Thank you for the comment. It brought back a lot of memories.
We're currently playing Recon and 1e RAW.
Recon is Amazing.
@@rwustudios very detailed RPG on the Vietnam war.
Yeah, and the miniatures rolls are pretty fun too.
We're starting a living Marc campaign shortly here on discord.
Brosr says not so much that RAW was how it was originally played, but how it was originally INTENDED to be played. You will see from some of the other comments that there is a large community of old players that are adamant it was never played this way, and that you shouldn't bother to try it. The Brosr says "try it out, we think it's better, see for yourself"
Thank you for the comment. That makes sense.
The evolution of wargame to rpg had started well before 1974 D&D was published. They just didn’t even have the language to describe this new thing they were doing. “fantasy wargaming”, “adventure gaming”, and “roleplaying” were all used to describe the activity. See Peterson’s Playing At the World and The Elusive Shift for a nuanced breakdown of this very complicated metamorphosis.
Awesome! Thank you.
yah played a lot of AD&D in the 80s using PH, DMG, MM, Fiend Folio(bit superior to the MM) and Dragon magazines. we used a hexagonal map to move about , in the countryside , square map to move indoors. most of the stuff we played were home brewed adventures. however I do remember my most memorable adventures were playing the whole Slavers campaign A1 to A4, that was a blast , the against the giants campaign, (died in descent though) and the Pyramid campaign, all regular modules. Played a few Judge's guild adventures they were OK though I must say the Judge's guild adventures had poor graphic quality compared to TSR ones(adventures were OK though).
Well, we know how it's played now. D&D is a "Mother, May I?" party game.
Never heard of "Broser" but have been playing D&D since the basic box set. The bulk of my playing was 2e homebrew, but we definitely spent a chunk of jr high using the above advanced books.

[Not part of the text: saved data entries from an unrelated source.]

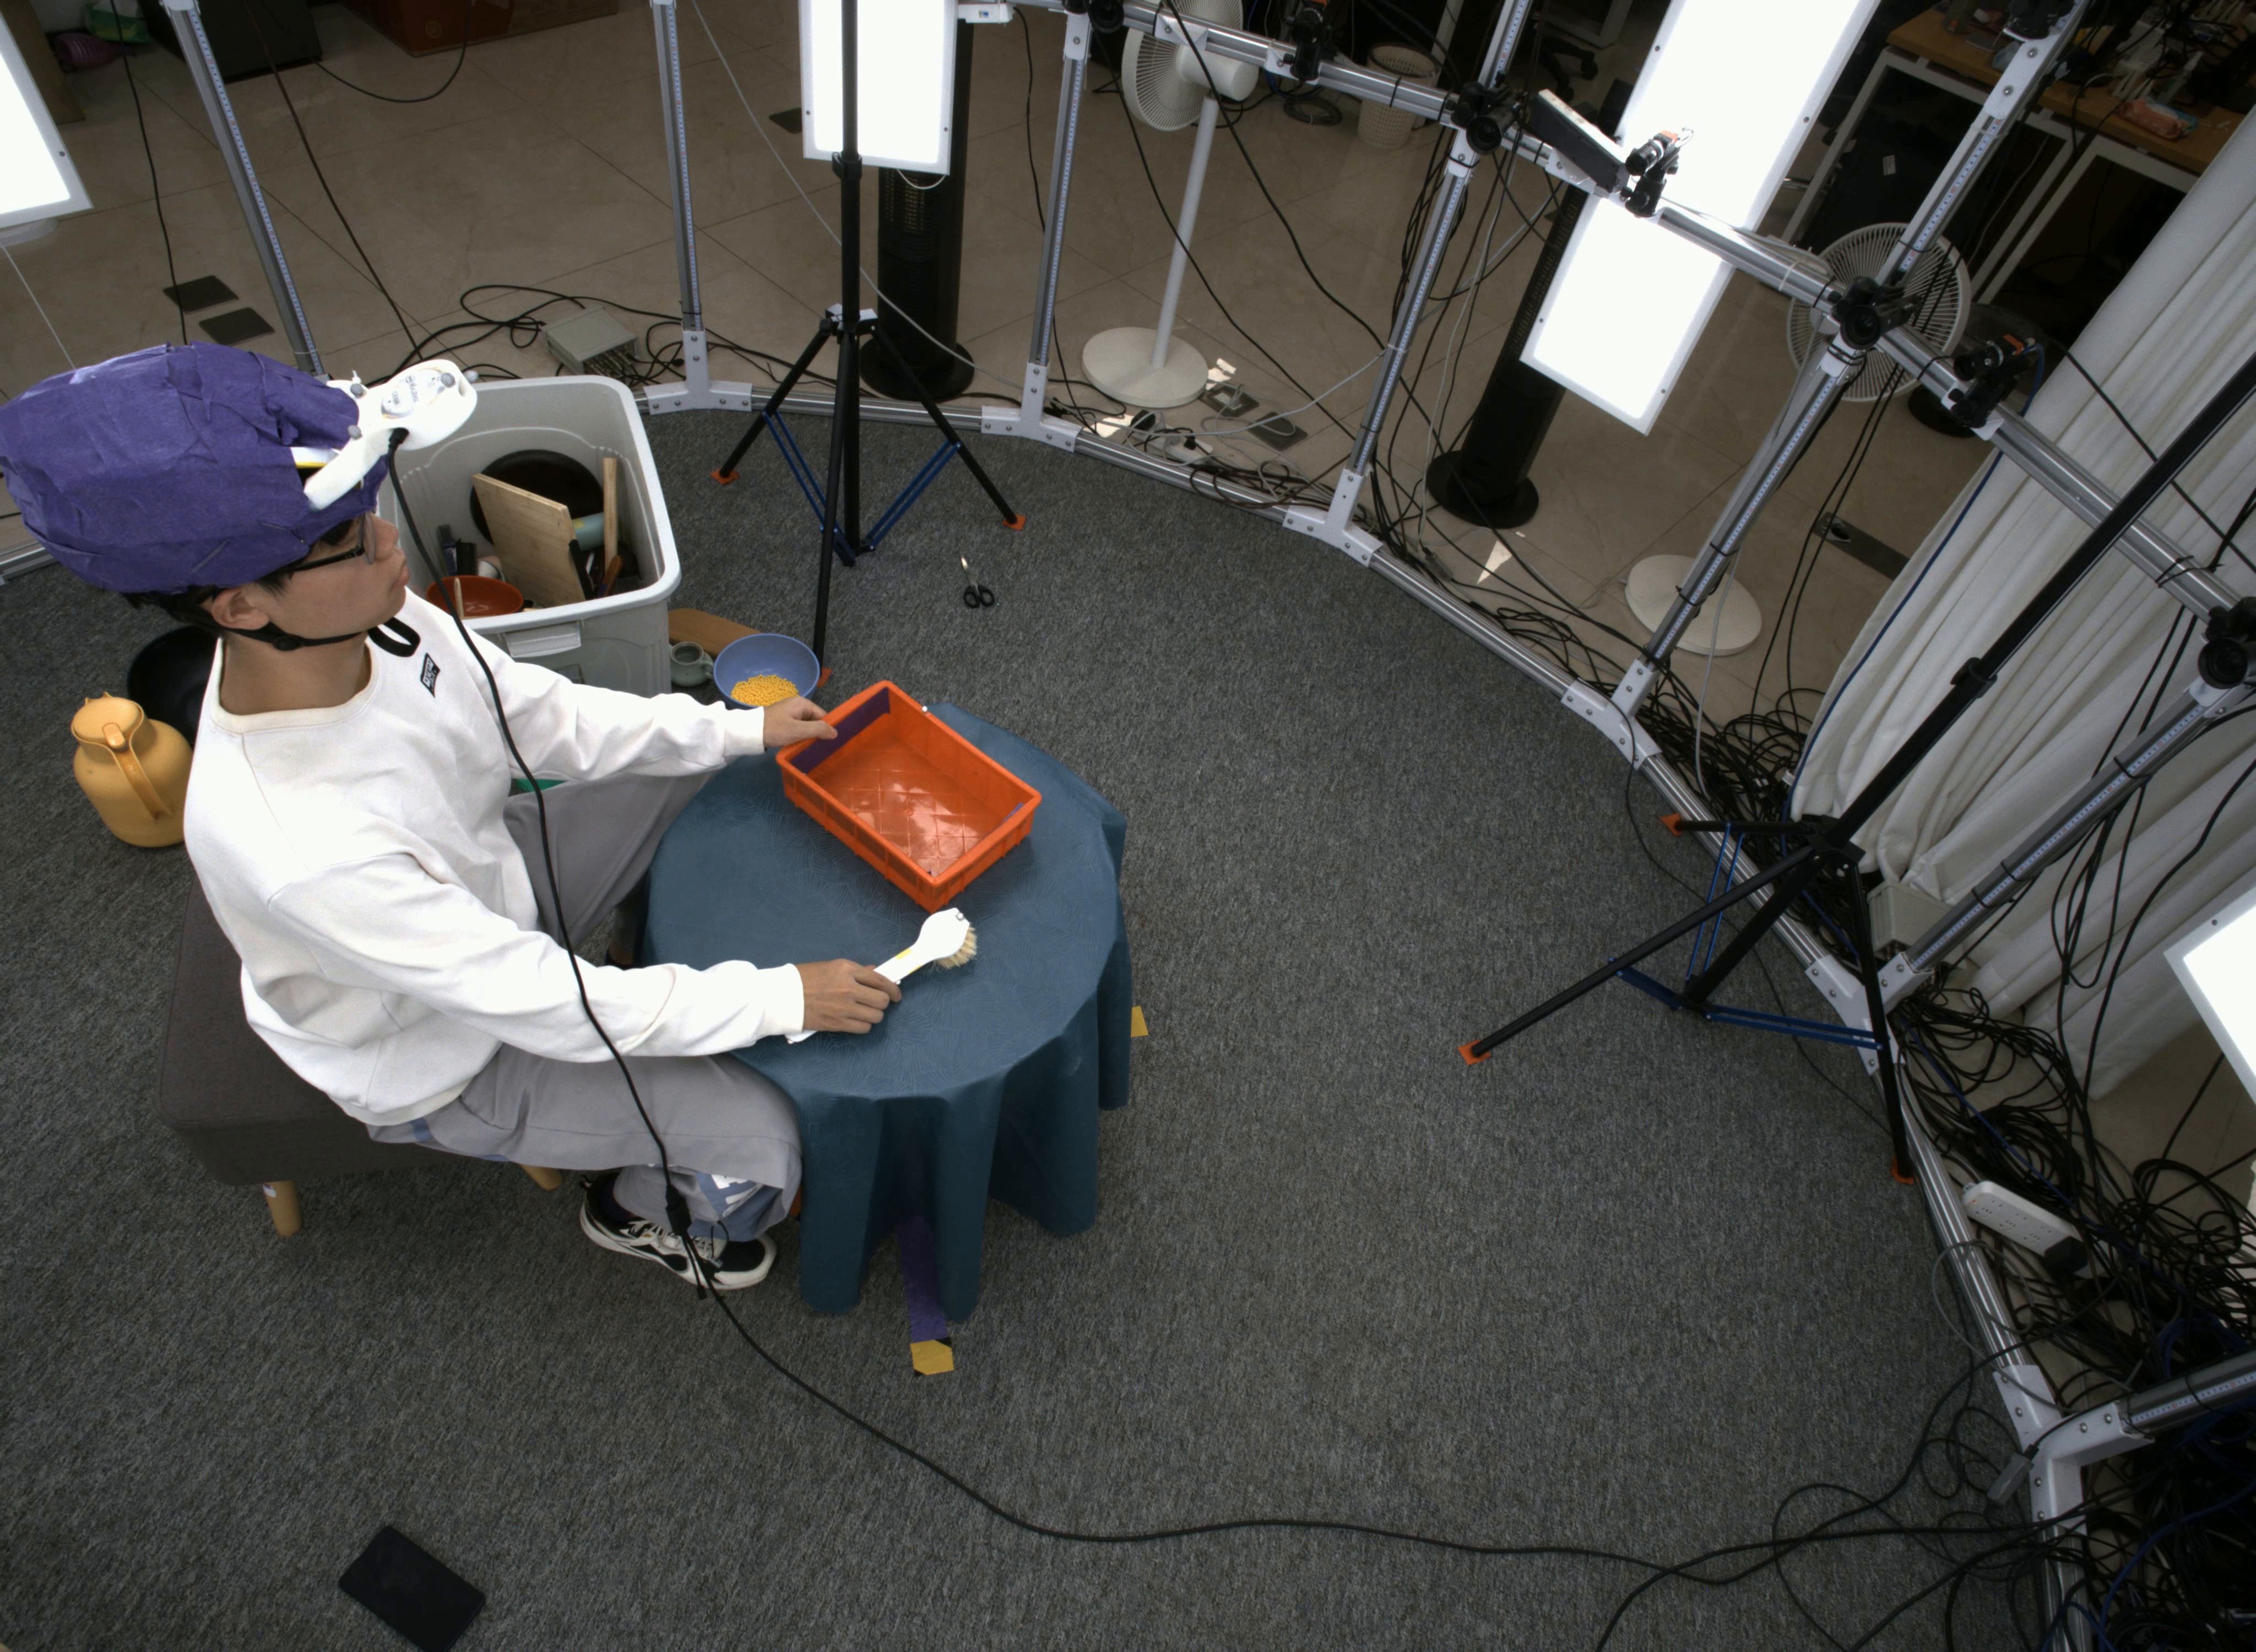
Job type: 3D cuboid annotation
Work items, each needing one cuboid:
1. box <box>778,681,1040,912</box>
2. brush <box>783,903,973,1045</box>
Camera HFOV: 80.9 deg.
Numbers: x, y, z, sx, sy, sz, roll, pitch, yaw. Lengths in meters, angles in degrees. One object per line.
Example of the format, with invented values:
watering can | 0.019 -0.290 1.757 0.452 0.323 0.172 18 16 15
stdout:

From my perspective there were two specific types of D&D players in the 70's and 80s. One group must be this Broser style you speak of. That group openly played during lunch at school and met after school at those very first hobby shops with tables in back. The second group were stoners who played but would not openly admit it. There was a bit of crossover between the two groups, a game is a game if no one else is playing... but by and large the play styles were a bit different. I do recall an interesting inflexibility about the rules as written the few times I sat in on a "nerd" session.
Our version was based heavily on books, movies and music of the time. High fantasy with character backstory and world building were par for the course even back then. I've still got maps of the world my friends and I built from '86 to about '93. Far from a drop in game style. The campaign world we started in aprox '96 is still going strong to this day. In fact, I've handed it over to my daughter and her friends. Love what she's done with the place. Even more fun to be adventuring in that world with her as the DM. Rules have been heavy homebrew throughout, and recently the 5e class/subclass builds have become standard despite the world still running on thac0 and many 2e mechanics.
TLDR: Definitely a high fantasy, heavy role play version of D&D going on even back then. There were a lot of REALLY good fantasy authors in the 70's and 80s as inspiration beyond the standard Tolkien mythos.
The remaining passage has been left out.